Out of the material that follows, write out exactly the lines from the line with "10. cardboard box (366,428,395,458)" to the line with "45. cardboard box (1477,0,1495,71)", both ends included, and no others.

───── Extracted entries ─────

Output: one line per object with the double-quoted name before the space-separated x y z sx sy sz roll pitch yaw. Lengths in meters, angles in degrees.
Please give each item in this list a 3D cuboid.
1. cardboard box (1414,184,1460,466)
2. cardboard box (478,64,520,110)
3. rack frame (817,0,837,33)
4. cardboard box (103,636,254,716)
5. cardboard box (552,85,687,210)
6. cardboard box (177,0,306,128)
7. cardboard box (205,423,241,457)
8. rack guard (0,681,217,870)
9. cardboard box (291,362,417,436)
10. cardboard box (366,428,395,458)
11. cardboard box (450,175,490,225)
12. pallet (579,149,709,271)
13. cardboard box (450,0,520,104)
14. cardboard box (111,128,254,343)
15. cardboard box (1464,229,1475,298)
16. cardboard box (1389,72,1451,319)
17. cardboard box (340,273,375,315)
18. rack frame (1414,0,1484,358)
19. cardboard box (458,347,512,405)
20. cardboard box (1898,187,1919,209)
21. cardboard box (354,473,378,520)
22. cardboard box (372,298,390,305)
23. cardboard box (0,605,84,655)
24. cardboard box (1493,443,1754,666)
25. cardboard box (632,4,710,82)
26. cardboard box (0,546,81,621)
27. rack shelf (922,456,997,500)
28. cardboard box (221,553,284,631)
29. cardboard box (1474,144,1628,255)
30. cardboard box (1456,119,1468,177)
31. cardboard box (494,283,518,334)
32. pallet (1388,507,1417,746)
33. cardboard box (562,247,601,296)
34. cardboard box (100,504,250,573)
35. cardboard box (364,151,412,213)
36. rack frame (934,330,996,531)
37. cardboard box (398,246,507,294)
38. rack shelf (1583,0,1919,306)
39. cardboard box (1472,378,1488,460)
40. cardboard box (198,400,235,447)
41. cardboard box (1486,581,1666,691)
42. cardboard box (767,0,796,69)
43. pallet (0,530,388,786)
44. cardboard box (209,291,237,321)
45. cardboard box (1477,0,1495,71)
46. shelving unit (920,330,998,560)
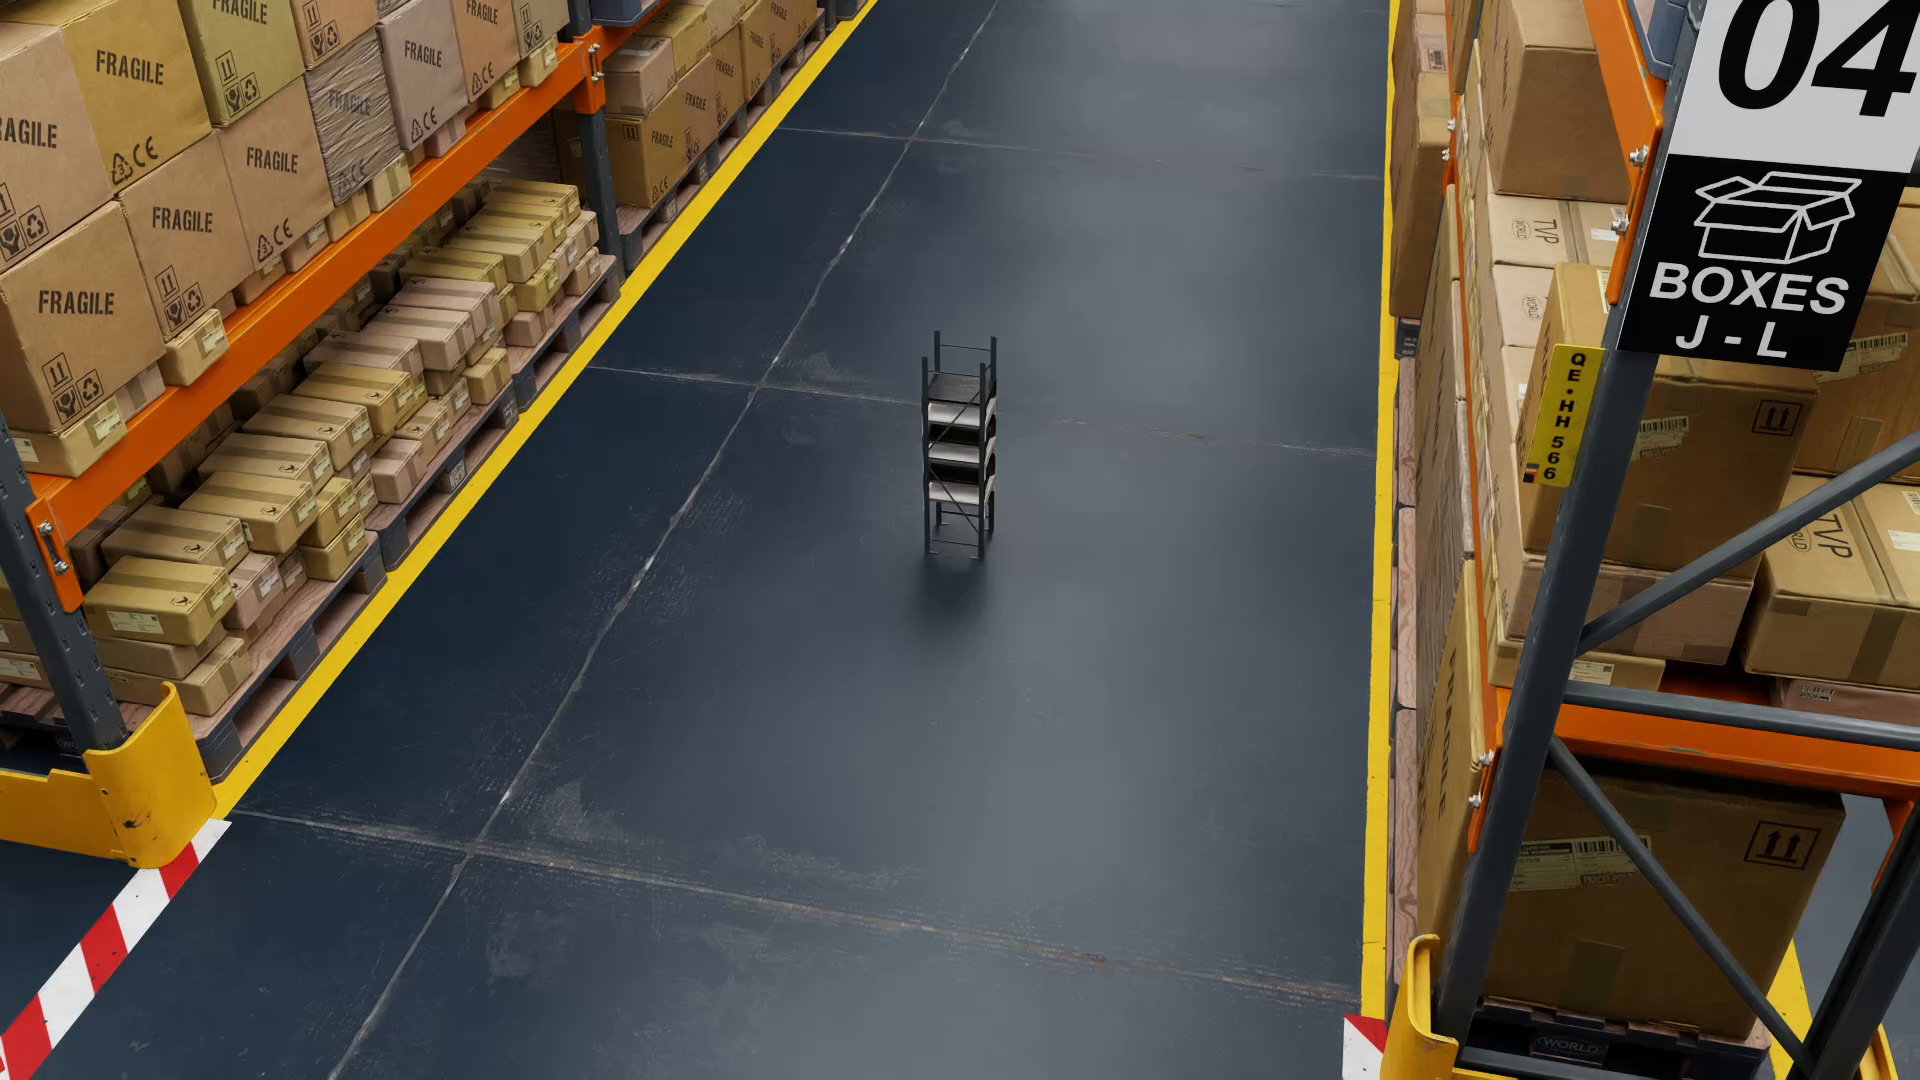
"cardboard box" 2.377 -0.840 6.805 0.875 0.875 0.875 7 37 10
"cardboard box" -2.124 -1.976 7.135 0.380 0.149 0.250 9 37 12
"rack frame" -1.373 -4.871 10.915 1.000 3.000 0.127 7 37 10
"cardboard box" -2.657 0.439 5.660 0.380 0.149 0.250 8 37 11
"cardboard box" -1.811 -2.126 8.900 0.500 0.500 0.500 9 37 12
"cardboard box" -2.492 -1.660 5.294 0.500 0.500 0.500 7 36 9
"cardboard box" -3.041 -0.356 6.503 0.380 0.149 0.250 8 37 11
"rack guard" -3.066 0.684 5.381 1.175 0.500 0.348 7 37 10
"cardboard box" -2.376 -0.556 6.526 0.380 0.149 0.250 8 37 11
"cardboard box" -2.498 -0.449 6.631 0.380 0.149 0.250 9 37 12
"cardboard box" -2.504 -1.663 8.053 0.380 0.149 0.250 9 37 12
"pallet" -2.063 -1.896 9.186 1.003 0.211 1.213 7 37 10
"cardboard box" -2.167 -2.129 6.792 0.500 0.500 0.500 6 36 9
"cardboard box" -2.627 -0.979 5.206 0.500 0.500 0.500 7 37 10
"cardboard box" 1.932 -0.926 5.685 0.380 0.149 0.250 8 37 11
"cardboard box" 2.713 -1.578 7.823 1.225 0.875 0.875 7 37 10
"cardboard box" -2.794 -1.073 7.240 0.380 0.149 0.250 8 37 11
"rack frame" 2.596 -1.898 6.813 1.000 3.000 0.127 7 37 10
"cardboard box" -2.200 -0.733 7.277 0.380 0.149 0.250 7 37 10
"cardboard box" 2.320 -0.794 4.525 0.500 0.500 0.500 6 36 9
"cardboard box" -2.512 -0.155 6.480 0.380 0.149 0.250 7 37 10
"cardboard box" -2.661 -1.092 7.518 0.380 0.149 0.250 6 36 8
"cardboard box" -3.248 0.241 5.680 0.380 0.149 0.250 6 36 9
"cardboard box" 1.586 0.024 4.035 0.500 0.250 0.500 7 36 9
"cardboard box" -1.700 -2.736 9.102 0.500 0.250 0.500 8 37 11
"cardboard box" -3.217 0.123 5.588 0.380 0.149 0.250 8 37 11
"rack shelf" -0.002 -0.260 6.552 0.258 0.077 0.200 7 37 10
"cardboard box" -2.606 0.161 5.790 0.380 0.149 0.250 7 37 10
"cardboard box" 2.024 -1.139 5.640 0.500 0.250 0.500 8 37 11
"cardboard box" 2.152 -1.518 6.503 0.380 0.149 0.250 6 36 8
"cardboard box" -2.219 -1.050 7.461 0.380 0.149 0.250 8 37 10
"pallet" 2.099 0.358 6.076 1.003 0.211 1.213 7 37 10
"cardboard box" -1.979 -1.326 8.095 0.380 0.149 0.250 8 37 11
"cardboard box" -2.697 0.028 5.720 0.380 0.149 0.250 8 37 11
"cardboard box" -2.324 -1.378 6.309 0.380 0.149 0.250 8 37 11
"rack frame" 0.020 -0.418 6.560 0.240 0.900 0.006 7 37 10
"cardboard box" -2.243 -1.164 7.365 0.380 0.149 0.250 8 37 11
"rack shelf" 2.169 -1.675 4.562 1.077 0.370 4.000 7 37 10
"cardboard box" 1.713 -0.335 4.870 0.380 0.149 0.250 7 36 9
"cardboard box" -3.055 -0.480 6.420 0.380 0.149 0.250 9 37 12
"cardboard box" 1.496 0.251 4.062 0.380 0.149 0.250 8 37 11
"cardboard box" -1.373 -3.322 10.550 0.500 0.500 0.500 9 37 12
"pallet" -2.858 0.339 6.102 1.003 0.211 1.213 7 37 10
"cardboard box" -2.647 -0.792 5.501 0.380 0.149 0.250 9 37 12
"cardboard box" 2.244 -2.019 6.215 0.500 0.500 0.500 7 37 10
"shelving unit" -0.002 -0.360 6.479 0.258 0.900 0.210 7 37 10

─────

▶ _Result of this task_:
10. cardboard box (366,428,395,458)
11. cardboard box (450,175,490,225)
12. pallet (579,149,709,271)
13. cardboard box (450,0,520,104)
14. cardboard box (111,128,254,343)
15. cardboard box (1464,229,1475,298)
16. cardboard box (1389,72,1451,319)
17. cardboard box (340,273,375,315)
18. rack frame (1414,0,1484,358)
19. cardboard box (458,347,512,405)
20. cardboard box (1898,187,1919,209)
21. cardboard box (354,473,378,520)
22. cardboard box (372,298,390,305)
23. cardboard box (0,605,84,655)
24. cardboard box (1493,443,1754,666)
25. cardboard box (632,4,710,82)
26. cardboard box (0,546,81,621)
27. rack shelf (922,456,997,500)
28. cardboard box (221,553,284,631)
29. cardboard box (1474,144,1628,255)
30. cardboard box (1456,119,1468,177)
31. cardboard box (494,283,518,334)
32. pallet (1388,507,1417,746)
33. cardboard box (562,247,601,296)
34. cardboard box (100,504,250,573)
35. cardboard box (364,151,412,213)
36. rack frame (934,330,996,531)
37. cardboard box (398,246,507,294)
38. rack shelf (1583,0,1919,306)
39. cardboard box (1472,378,1488,460)
40. cardboard box (198,400,235,447)
41. cardboard box (1486,581,1666,691)
42. cardboard box (767,0,796,69)
43. pallet (0,530,388,786)
44. cardboard box (209,291,237,321)
45. cardboard box (1477,0,1495,71)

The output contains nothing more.